Work item: All lines from the one holding "Image resolution: width=953" to the end of the listing are to be output exactly, both ends included, with any pictures left out.

START Listed records

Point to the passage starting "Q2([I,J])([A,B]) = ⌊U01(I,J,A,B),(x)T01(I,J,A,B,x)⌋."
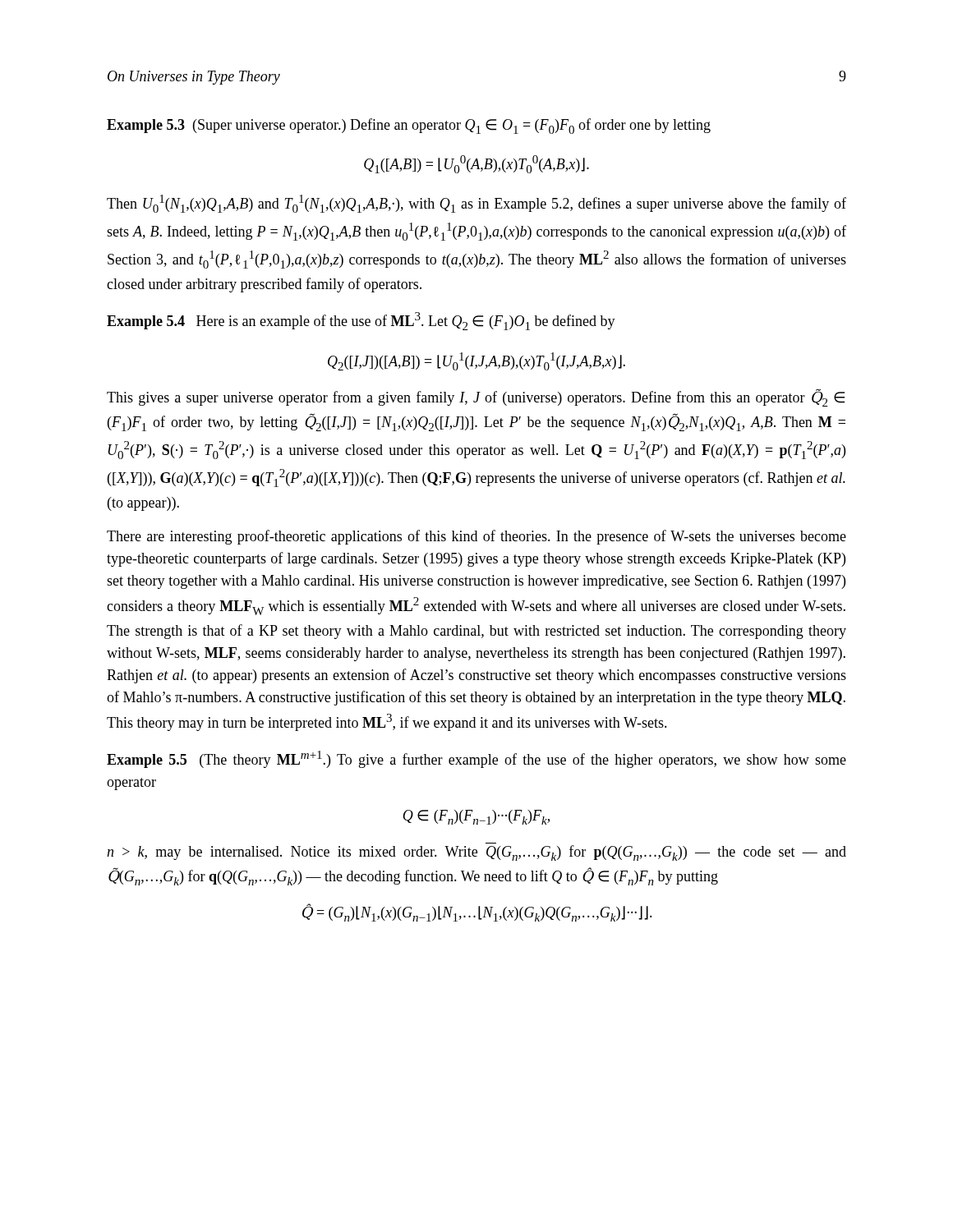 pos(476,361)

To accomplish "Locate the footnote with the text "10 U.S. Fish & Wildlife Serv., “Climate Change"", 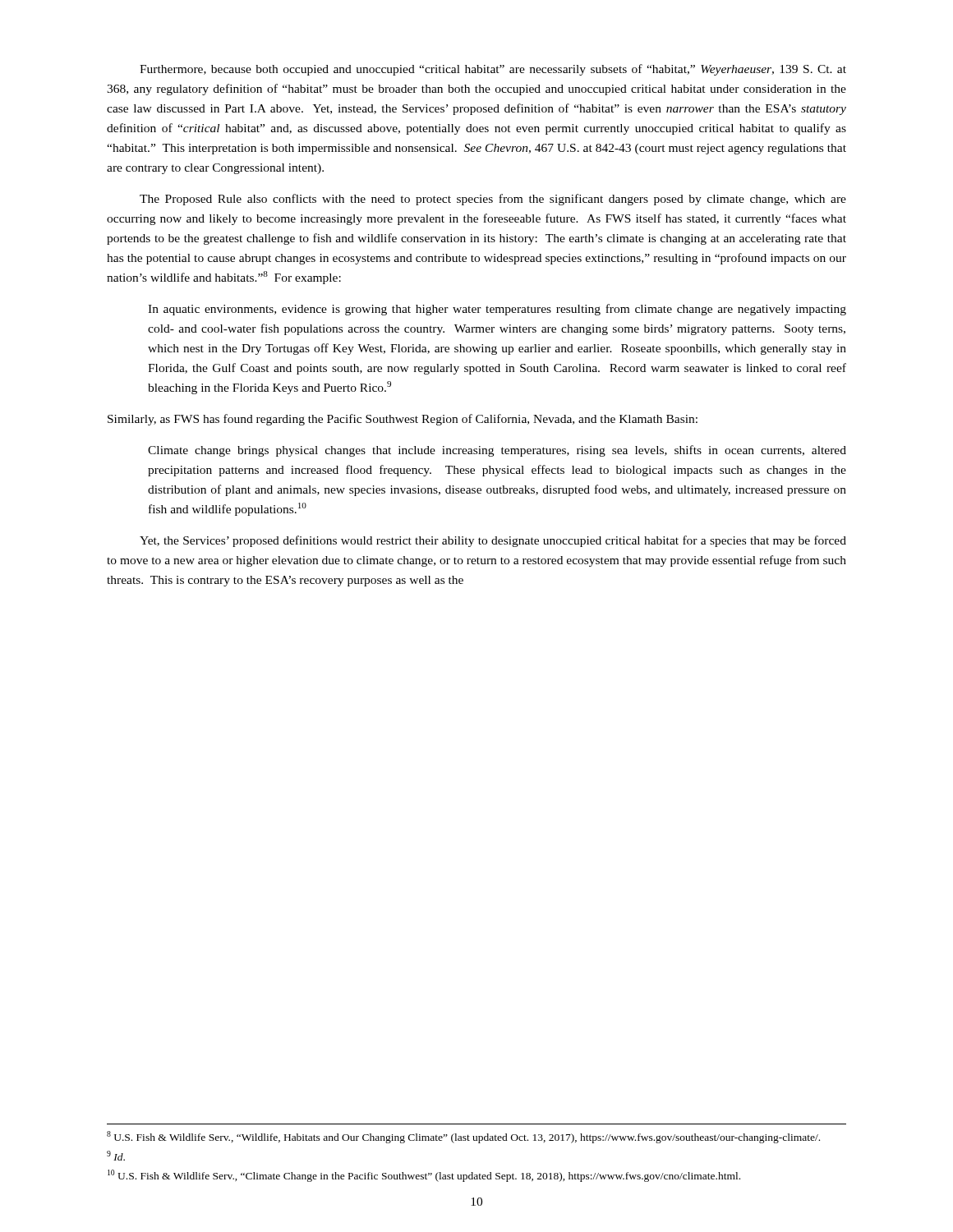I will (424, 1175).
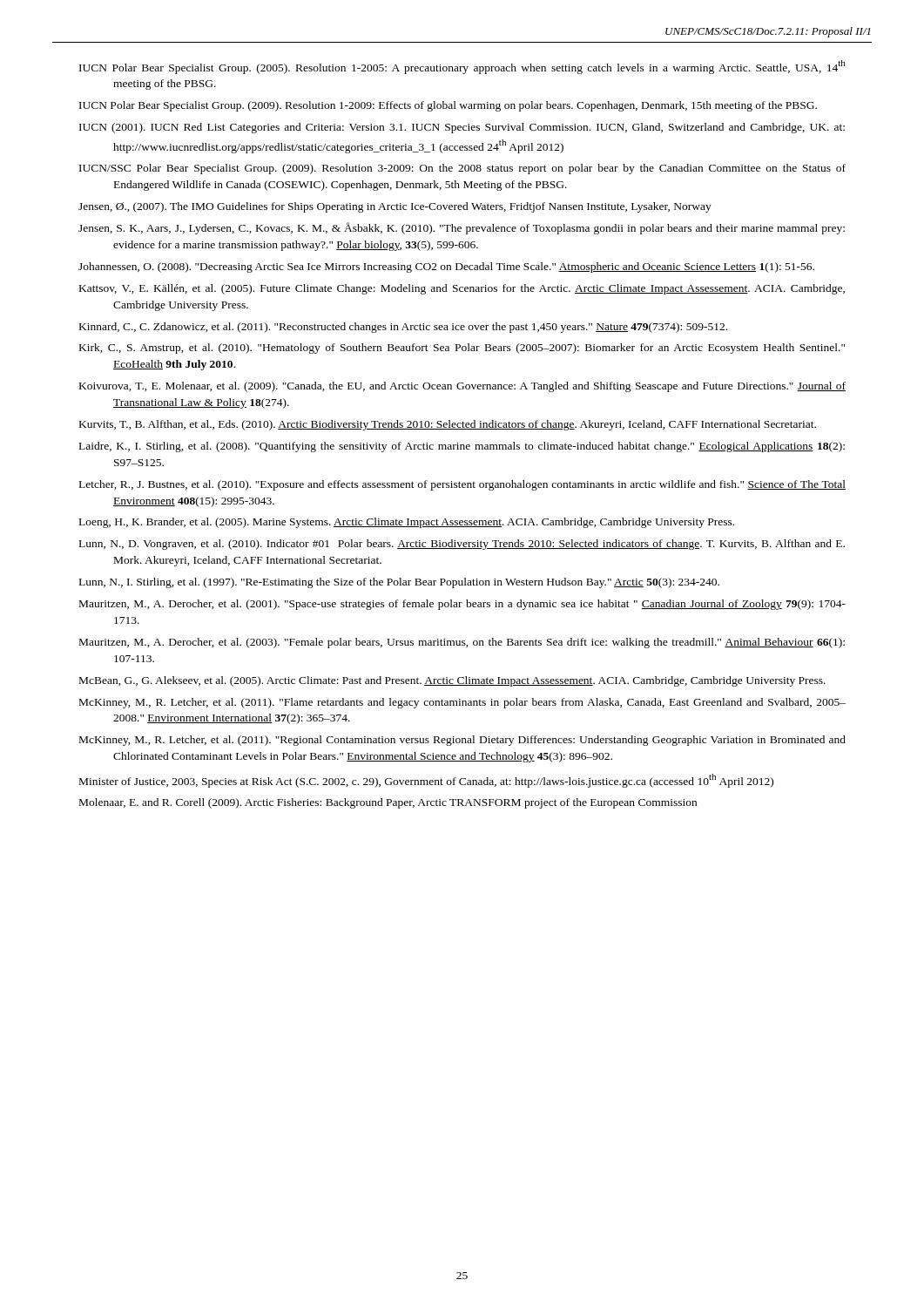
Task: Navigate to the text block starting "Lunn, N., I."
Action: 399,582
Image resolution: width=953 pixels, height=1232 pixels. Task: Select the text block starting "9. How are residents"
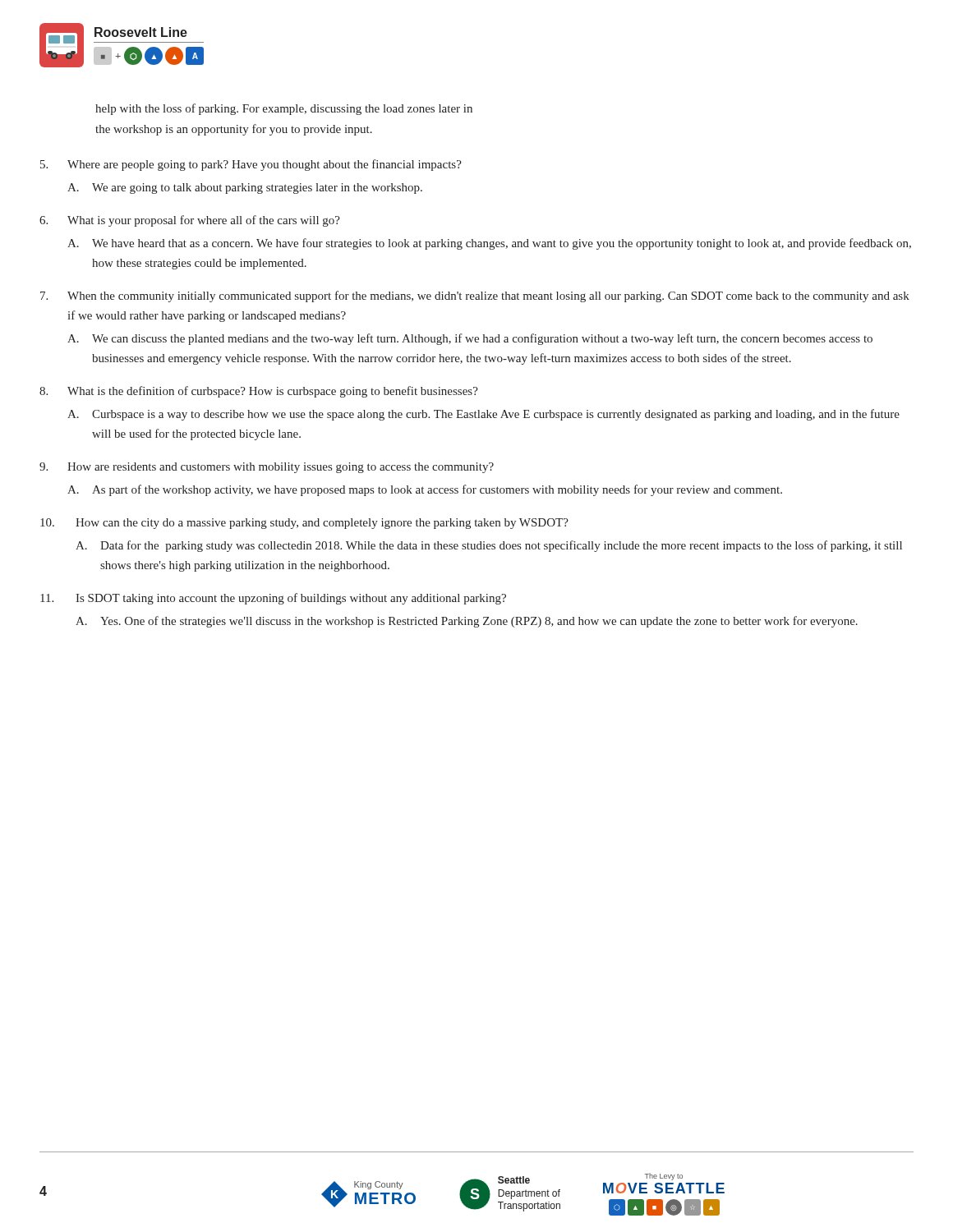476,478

END Listed records

Result for this task:
Image resolution: width=953 pixels, height=1232 pixels. Task: Select the text block starting "9. How are residents"
476,478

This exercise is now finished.